2. The laser machining apparatus according to claim 1, wherein

the multiplexing optical system coaxially superimposes the first laser beam and the second laser beam.

3. The laser machining apparatus according to claim 1, wherein

the first laser beam and the second laser beam enter the optical fiber at different entry angles, and

an entry angle of the second laser beam is larger than an entry angle of the first laser beam by 10% or more.

4. The laser machining apparatus according to claim 1, wherein

the first laser beam and the second laser beam enter the optical fiber with different beam diameters, and

an incoming beam diameter of the second laser beam is smaller than an incoming beam diameter of the first laser beam by 10% or more.

5. The laser machining apparatus according to claim 1, wherein

the optical fiber includes a single core and a single cladding.

6. The laser machining apparatus according to claim 1, wherein

the multiplexing optical system performs polarization coupling of the first laser beam and the second laser beam by means of a polarization-selective element.

7. The laser machining apparatus according to claim 1, wherein

the first laser beam and the second laser beam are equal in wavelength.

8. The laser machining apparatus according to claim 1, wherein

the multiplexing optical system superimposes the first laser beam and the second laser beam by means of a wavelength-selective element.

9. The laser machining apparatus according to claim 1, comprising:

a learning device including:

data acquisition circuitry to acquire training data including an output ratio control value output from the output ratio controller, a beam profile of a laser beam after passing through the condensing optical system, and quality information on a machining result; and

a model generator to generate a learned model for estimating an output ratio control value that allows the quality information to indicate good quality, by using the training data.
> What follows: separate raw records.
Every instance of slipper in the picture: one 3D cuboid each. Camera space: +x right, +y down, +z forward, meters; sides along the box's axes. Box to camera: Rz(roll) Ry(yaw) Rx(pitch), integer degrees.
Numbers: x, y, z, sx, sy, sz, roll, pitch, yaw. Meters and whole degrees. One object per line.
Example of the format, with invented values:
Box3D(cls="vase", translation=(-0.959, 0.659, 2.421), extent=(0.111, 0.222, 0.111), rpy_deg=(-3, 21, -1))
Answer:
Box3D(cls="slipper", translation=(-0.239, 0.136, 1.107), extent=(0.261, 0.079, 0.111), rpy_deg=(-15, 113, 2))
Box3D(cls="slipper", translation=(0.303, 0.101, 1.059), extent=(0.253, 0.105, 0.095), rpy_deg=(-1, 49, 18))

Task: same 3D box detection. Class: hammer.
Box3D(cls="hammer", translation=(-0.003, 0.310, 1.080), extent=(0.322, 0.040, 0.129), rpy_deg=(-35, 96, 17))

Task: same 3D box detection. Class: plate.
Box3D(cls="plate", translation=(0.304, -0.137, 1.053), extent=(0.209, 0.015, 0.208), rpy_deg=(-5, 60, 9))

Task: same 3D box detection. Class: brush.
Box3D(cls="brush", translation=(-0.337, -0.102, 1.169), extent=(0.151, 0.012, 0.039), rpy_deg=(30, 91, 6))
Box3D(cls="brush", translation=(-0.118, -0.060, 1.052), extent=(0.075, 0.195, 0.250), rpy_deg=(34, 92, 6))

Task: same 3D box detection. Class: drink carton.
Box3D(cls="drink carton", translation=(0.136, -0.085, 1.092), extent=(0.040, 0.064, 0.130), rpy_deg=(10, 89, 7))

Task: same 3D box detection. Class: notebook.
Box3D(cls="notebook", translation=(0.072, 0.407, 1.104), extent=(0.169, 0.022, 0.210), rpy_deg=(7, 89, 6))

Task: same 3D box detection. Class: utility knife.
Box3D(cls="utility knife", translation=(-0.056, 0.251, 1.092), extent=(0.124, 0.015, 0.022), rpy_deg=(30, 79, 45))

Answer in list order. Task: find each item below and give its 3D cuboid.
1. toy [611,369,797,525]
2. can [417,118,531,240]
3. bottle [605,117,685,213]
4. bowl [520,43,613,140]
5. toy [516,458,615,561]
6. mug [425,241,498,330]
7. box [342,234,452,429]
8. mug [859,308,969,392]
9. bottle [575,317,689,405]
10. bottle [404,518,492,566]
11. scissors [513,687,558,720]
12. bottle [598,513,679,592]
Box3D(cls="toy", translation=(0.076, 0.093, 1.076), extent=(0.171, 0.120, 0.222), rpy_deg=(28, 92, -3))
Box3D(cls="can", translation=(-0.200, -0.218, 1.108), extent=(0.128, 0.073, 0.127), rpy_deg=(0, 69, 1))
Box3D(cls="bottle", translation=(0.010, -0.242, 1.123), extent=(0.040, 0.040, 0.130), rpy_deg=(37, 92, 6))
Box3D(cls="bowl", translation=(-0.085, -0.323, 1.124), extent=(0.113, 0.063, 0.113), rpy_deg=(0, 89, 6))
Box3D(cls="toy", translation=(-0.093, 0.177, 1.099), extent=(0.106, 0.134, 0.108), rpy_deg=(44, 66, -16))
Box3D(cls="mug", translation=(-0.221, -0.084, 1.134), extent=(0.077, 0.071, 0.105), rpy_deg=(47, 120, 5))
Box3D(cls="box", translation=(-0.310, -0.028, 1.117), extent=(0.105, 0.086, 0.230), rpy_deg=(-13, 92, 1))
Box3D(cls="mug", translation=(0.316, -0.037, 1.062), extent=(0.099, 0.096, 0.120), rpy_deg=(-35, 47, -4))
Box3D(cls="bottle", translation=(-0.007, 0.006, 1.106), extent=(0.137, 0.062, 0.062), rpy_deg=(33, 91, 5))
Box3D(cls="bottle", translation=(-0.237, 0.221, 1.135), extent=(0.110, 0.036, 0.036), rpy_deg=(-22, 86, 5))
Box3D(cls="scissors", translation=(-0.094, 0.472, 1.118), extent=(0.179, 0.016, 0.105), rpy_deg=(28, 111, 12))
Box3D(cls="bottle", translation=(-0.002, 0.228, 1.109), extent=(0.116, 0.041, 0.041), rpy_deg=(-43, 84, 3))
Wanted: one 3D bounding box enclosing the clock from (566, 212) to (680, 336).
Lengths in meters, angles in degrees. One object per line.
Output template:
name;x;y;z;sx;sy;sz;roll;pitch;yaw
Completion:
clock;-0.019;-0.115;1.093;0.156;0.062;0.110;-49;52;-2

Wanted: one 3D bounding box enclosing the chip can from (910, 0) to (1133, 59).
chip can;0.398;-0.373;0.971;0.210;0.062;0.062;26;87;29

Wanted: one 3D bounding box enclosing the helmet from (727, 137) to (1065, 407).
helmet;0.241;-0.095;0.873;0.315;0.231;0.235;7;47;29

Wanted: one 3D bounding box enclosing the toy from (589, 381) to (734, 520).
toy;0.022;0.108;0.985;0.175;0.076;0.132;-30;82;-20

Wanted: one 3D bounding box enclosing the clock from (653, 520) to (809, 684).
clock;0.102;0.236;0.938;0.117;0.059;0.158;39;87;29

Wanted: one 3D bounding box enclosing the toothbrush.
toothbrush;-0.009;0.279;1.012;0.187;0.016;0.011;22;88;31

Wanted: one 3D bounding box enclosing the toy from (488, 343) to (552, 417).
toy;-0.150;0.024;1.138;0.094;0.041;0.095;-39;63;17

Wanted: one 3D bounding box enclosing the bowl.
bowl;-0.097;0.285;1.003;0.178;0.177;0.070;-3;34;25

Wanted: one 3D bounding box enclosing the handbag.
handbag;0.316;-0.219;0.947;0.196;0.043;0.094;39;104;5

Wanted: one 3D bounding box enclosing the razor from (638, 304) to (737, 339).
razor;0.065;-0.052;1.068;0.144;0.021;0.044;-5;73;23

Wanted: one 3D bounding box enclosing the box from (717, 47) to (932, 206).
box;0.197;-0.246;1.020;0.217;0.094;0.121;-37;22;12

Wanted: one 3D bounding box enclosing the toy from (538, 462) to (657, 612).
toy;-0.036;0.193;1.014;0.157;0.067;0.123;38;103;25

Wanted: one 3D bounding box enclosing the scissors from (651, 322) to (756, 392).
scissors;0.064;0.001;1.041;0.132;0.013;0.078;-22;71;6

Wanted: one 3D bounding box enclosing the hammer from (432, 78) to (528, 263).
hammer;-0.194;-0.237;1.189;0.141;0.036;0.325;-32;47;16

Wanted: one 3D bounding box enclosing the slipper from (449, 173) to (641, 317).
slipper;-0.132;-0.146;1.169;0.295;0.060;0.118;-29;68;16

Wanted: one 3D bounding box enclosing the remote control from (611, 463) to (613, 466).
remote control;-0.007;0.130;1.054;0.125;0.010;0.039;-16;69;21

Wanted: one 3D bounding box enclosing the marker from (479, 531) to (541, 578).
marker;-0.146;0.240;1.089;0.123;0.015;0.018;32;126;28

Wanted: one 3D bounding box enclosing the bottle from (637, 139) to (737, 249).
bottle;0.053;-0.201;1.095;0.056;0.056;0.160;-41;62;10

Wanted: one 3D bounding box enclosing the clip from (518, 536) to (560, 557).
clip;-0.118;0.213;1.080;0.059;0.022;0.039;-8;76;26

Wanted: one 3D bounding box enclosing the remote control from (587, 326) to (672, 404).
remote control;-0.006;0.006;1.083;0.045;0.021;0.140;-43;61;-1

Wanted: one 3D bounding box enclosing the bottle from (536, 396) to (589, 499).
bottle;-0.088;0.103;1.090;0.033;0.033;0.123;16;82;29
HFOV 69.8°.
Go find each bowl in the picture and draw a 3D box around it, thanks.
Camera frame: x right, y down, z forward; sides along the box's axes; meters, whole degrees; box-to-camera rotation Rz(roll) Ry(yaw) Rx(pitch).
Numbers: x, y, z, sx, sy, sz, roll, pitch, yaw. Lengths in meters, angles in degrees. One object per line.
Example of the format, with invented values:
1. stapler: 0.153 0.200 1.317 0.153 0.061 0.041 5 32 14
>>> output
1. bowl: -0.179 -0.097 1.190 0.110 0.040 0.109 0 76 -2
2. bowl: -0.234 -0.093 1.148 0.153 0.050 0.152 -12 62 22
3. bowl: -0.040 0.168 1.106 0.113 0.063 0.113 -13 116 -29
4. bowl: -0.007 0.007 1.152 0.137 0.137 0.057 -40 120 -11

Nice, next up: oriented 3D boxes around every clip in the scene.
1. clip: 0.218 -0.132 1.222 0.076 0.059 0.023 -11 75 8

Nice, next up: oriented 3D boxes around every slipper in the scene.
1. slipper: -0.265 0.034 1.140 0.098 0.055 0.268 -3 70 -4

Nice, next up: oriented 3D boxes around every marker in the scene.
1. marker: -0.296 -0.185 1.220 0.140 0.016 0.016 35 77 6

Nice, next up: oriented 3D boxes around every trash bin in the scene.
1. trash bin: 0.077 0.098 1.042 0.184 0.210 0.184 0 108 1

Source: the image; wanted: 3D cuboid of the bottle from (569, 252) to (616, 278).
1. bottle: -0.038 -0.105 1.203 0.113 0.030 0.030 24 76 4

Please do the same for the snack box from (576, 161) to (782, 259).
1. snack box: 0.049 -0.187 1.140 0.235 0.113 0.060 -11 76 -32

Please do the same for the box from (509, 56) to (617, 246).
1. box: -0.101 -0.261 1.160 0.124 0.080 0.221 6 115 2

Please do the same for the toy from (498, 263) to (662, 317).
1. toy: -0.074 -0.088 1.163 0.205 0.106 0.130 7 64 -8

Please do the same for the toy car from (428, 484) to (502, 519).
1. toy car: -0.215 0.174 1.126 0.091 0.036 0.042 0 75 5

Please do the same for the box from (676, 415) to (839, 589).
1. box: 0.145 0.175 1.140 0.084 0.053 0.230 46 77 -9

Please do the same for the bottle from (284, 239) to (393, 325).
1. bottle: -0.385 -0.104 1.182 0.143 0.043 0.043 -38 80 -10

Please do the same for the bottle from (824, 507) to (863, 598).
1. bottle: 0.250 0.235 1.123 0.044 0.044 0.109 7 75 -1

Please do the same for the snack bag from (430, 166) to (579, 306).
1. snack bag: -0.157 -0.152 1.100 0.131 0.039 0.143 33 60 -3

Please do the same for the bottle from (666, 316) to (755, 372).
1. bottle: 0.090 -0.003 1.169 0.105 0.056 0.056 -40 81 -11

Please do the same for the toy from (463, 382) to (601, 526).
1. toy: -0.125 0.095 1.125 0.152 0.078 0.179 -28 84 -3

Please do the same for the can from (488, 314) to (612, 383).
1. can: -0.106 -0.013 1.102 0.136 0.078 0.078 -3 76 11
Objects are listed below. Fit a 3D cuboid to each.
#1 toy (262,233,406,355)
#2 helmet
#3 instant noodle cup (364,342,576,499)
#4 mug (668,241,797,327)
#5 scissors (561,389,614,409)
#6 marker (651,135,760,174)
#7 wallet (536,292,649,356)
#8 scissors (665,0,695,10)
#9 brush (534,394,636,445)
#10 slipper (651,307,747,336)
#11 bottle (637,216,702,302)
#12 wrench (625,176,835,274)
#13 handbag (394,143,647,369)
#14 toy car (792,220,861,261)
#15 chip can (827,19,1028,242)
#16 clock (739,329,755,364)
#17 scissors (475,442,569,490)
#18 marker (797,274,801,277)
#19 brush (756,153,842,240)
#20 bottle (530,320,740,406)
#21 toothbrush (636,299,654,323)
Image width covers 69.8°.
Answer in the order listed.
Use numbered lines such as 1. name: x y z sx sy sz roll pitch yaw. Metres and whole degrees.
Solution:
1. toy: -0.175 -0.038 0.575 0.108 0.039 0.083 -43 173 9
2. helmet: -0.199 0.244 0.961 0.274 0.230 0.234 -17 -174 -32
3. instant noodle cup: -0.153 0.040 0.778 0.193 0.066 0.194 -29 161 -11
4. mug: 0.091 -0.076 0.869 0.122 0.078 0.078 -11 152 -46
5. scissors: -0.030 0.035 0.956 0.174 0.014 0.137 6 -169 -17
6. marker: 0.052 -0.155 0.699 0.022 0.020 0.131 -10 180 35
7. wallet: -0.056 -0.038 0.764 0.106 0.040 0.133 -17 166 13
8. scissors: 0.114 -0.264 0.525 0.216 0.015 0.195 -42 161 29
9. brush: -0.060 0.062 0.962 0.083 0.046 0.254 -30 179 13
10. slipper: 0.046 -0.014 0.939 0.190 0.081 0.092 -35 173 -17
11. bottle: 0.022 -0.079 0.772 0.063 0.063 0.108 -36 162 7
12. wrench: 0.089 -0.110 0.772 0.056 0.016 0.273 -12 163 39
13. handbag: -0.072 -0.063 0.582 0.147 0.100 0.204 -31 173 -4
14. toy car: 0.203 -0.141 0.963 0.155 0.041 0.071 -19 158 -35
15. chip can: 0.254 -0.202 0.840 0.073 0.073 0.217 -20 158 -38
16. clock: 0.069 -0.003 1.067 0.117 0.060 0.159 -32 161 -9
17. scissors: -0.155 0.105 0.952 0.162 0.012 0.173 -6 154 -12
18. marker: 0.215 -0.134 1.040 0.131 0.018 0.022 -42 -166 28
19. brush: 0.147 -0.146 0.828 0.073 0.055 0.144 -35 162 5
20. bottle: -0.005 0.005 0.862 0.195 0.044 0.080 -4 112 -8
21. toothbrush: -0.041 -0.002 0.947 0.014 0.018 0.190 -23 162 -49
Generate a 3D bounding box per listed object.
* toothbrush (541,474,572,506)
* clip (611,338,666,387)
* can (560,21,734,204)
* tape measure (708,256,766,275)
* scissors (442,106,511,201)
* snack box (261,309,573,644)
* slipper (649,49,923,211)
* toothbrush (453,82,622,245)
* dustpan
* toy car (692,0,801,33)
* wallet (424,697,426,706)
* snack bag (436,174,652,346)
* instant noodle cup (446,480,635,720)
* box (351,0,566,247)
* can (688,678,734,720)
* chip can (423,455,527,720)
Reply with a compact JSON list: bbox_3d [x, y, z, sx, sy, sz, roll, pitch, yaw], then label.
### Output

10. The laser machining apparatus according to claim 1, comprising:

an inference device including:

data acquisition circuitry to acquire an output ratio control value output from the output ratio controller and a beam profile of a laser beam after passing through the condensing optical system;

machining quality determination circuitry to acquire machining quality information; and

inference circuitry to output an output ratio control value that allows the machining quality information to indicate good quality, based on the output ratio control value and the beam profile input from the data acquisition circuitry by using a learned model generated by machine learning for estimating an output ratio control value that allows the machining quality information to indicate good quality from the output ratio control value, the beam profile, and the machining quality information.

11. The laser machining apparatus according to claim 1, wherein

an upper limit of a value of a beam parameter product of the combined laser beam is at least three times a lower limit, the beam parameter product being capable of being modulated.

12. The laser machining apparatus according to claim 1, wherein

the beam emitted from the optical fiber is concentrated on the workpiece with a spot diameter that is adjustable within a range of at least 100 micrometers to 1200 micrometers.